The Democrats' Maginot Line
For several decades, the Democrats have viewed their opposition to any significant changes in the Social Security system as an impregnable defensive position--sort of like France's Maginot Line. I wonder, though, whether times have changed sufficiently that President Bush might be able to outflank the Dems and drive them out of their bunkers with surprising ease.
Here's why I say that: So far, the Democratic leadership in Congress has taken the position that they need not come up with a proposal for Social Security reform. Patrick O'Connor reported yesterday in the Hill:
House and Senate Democrats have decided against introducing an alternative Social Security reform plan yet, preferring instead to focus attention and criticism on President Bush’s proposals, according to a number of senior Democratic aides.
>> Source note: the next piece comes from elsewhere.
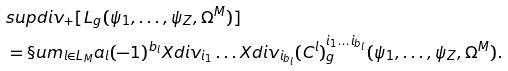Convert formula to latex. <formula><loc_0><loc_0><loc_500><loc_500>& s u p d i v _ { + } [ L _ { g } ( \psi _ { 1 } , \dots , \psi _ { Z } , \Omega ^ { M } ) ] \\ & = \S u m _ { l \in L _ { M } } a _ { l } ( - 1 ) ^ { b _ { l } } X d i v _ { i _ { 1 } } \dots X d i v _ { i _ { b _ { l } } } ( C ^ { l } ) ^ { i _ { 1 } \dots i _ { b _ { l } } } _ { g } ( \psi _ { 1 } , \dots , \psi _ { Z } , \Omega ^ { M } ) .</formula> 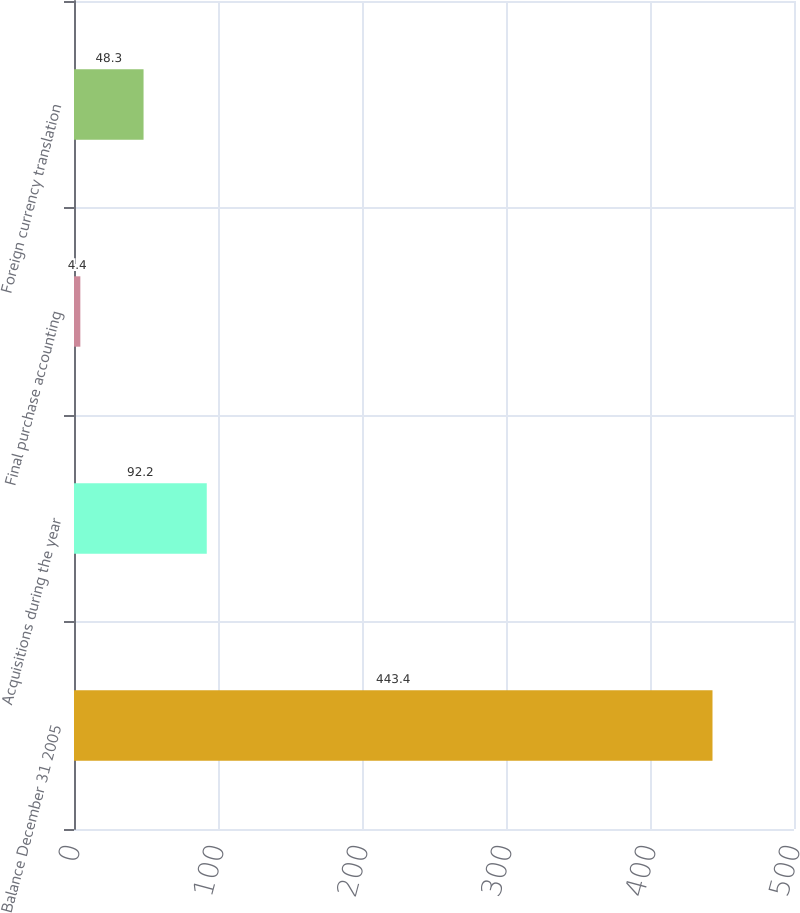Convert chart. <chart><loc_0><loc_0><loc_500><loc_500><bar_chart><fcel>Balance December 31 2005<fcel>Acquisitions during the year<fcel>Final purchase accounting<fcel>Foreign currency translation<nl><fcel>443.4<fcel>92.2<fcel>4.4<fcel>48.3<nl></chart>

Today's Washington Times notes that, while the leadership is still holding the line, a number of individual Democratic Congressmen and Senators have floated various proposals for reform.
There are two basic reasons, I think, why the Dems' preferred strategy of stonewalling and scare-mongering might not work. The first is that they, as much as Republicans, have been issuing warnings about Social Security for years. Americans under 40, especially, have grown up with predictions of Social Security insolvency, and are not hard to persuade that something must be done. In this regard, the effort by many in the mainstream media to help the Democrats by emphasizing the distinction between "crisis"--President Bush's word--and "serious problems"--the Democrats' words--has been misguided. The belief that Social Security has "serious problems" is hardly a ground for inaction, and in his State of the Union speech, President Bush happily abandoned "crisis" and used milder formulas.
So the Democrats might find that there is less patience with a "do nothing" approach than they expect.
The second problem for the Democrats, I believe, is that the only proposal for real change in the system is the President's. Allowing employees to save their own money, own their own accounts, and pass their accumulated wealth on to their heirs has powerful appeal. Everything else--tinkering with the retirement age, extending the income level on which the Social Security tax applies, etc.--is merely accounting. And distasteful accounting at that, since at bottom, all such proposals translate into higher taxes or lower benefits.
The Democrats will try to argue that there is a disconnect between the program's fiscal problems and the President's proposed solution, individual accounts, which will worsen, not improve, the fiscal picture. In the short term, they're right. But in the (only slightly) longer term, we are moving rapidly toward a demographic environment in which there will be only two workers for each retiree. At that point, a "pay as you go" system that relies on current income to support retirees will be untenable. Either the two workers will pay exorbitant taxes, or the one retiree will get a very meagre pension. There is no way out of this dilemma, except replacing "pay as you go"--a euphemism for income transfer payments--with a savings program. If each worker saves for his or her own retirement, the ratio between workers and retirees becomes immaterial.
And nearly everyone recognizes that a savings program is inherently superior to an income transfer program. Virtually anyone would rather live off his own savings than a dole from the goverment. Indeed, Franklin Roosevelt never intended the income transfer system to continue indefinitely; he recognized that it was necessary in the early stages of the program to help those who had not accumulated savings, but always intended that it would be replaced or supplemented in due course with a savings program. Probably no one other than a few hard-core leftists, who like to see people dependent on the government, and Democratic politicians actually prefers an income transfer approach to savings.
So, once again, President Bush may have put the Democrats in a position where the only proposal on the table with any power to fire the voters' imaginations is his, while the Democrats are reduced to carping from the sidelines. If that's the way the voters see it, the Democrats might find themselves abandoning their Maginot Line much sooner and in much greater disarray than they had intended.